Now for gravel, if you use the shoes on the plow you just need to be cautous as they can tend to dig in and leave two groovs in the driveway, (if the ground isn't frozen yet). If your not using the shoes then you want to drop the plow till it hits the ground, then bump the switch in the up position to pick the blade up just enough that it's not hitting the ground. Now yes this will leave a little snow behind, but it will also leave your gravel in place. Hey unless you don't mind raking all the gravel back out in the spring, thats up to you. Either way if you take it easy and take your time you shouldn't damage anything.

Now as far as which way to push the snow, alot depends on what type snow you get. (ie.wet or powdery).
Also how much snow you get.
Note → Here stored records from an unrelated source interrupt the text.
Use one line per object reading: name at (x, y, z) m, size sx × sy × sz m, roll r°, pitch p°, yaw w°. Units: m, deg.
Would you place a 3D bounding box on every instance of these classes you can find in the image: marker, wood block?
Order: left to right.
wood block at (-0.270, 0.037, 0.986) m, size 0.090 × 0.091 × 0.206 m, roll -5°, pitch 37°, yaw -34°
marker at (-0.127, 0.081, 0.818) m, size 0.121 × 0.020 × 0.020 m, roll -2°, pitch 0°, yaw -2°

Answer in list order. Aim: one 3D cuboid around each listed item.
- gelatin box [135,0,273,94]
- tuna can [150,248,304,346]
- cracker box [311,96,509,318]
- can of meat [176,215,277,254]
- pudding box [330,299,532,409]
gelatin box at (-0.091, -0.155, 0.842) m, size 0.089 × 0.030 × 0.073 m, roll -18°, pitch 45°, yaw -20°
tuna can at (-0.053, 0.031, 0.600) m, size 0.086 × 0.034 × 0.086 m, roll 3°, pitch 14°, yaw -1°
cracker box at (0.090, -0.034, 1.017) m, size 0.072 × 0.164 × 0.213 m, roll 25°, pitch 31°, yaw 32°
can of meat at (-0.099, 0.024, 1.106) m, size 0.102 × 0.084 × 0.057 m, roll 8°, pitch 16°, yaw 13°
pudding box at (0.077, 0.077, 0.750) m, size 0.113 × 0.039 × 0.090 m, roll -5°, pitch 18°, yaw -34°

This will all make a difference especially since your plow is lighter than a regular full size plow, due to it will ride up over top of the snow easier. The best thing to do is try pushing the snow with the blade in each direction (ie. straight,angle left-right) to see what works best for your situation.
Without actually seeing what your plowing I can't honestly tell you what would be best. even though most guys will CLAIM that pushing one way then the other is the best, the fact is what works for me may put you upside down and outa gear. (thats only a phrase-----I hope).


----------



## dvl_987 (Nov 13, 2010)

geer hed;1126069 said:


> First is does this have a float position on the controls or is it power up and down ?
> 
> If it has a float position and your on black top put it in float that way it will follow the contour of what your plowing. If it is power down only you will want to drop it untill it hits the ground then unwind a little extra cable so that if you go over a high spot it won't lift the plow off the ground. This will be the same with or without the shoes on the bottom of the plow. It would have to be a pretty good size crack and perfectly straight with the angle of the plow in order for it to catch, however you may feel a little bump when you go over a crack.
> 
> ...


Its a power up and down, there is no float position. Im glad to hear that it wont catch anything very easily. The plow didnt come with shoes on it, and from what im understanding, for my use it dosent seem like its going to be all that necessary as the plow is not hydrolic and can "float" over anything that may present a problem.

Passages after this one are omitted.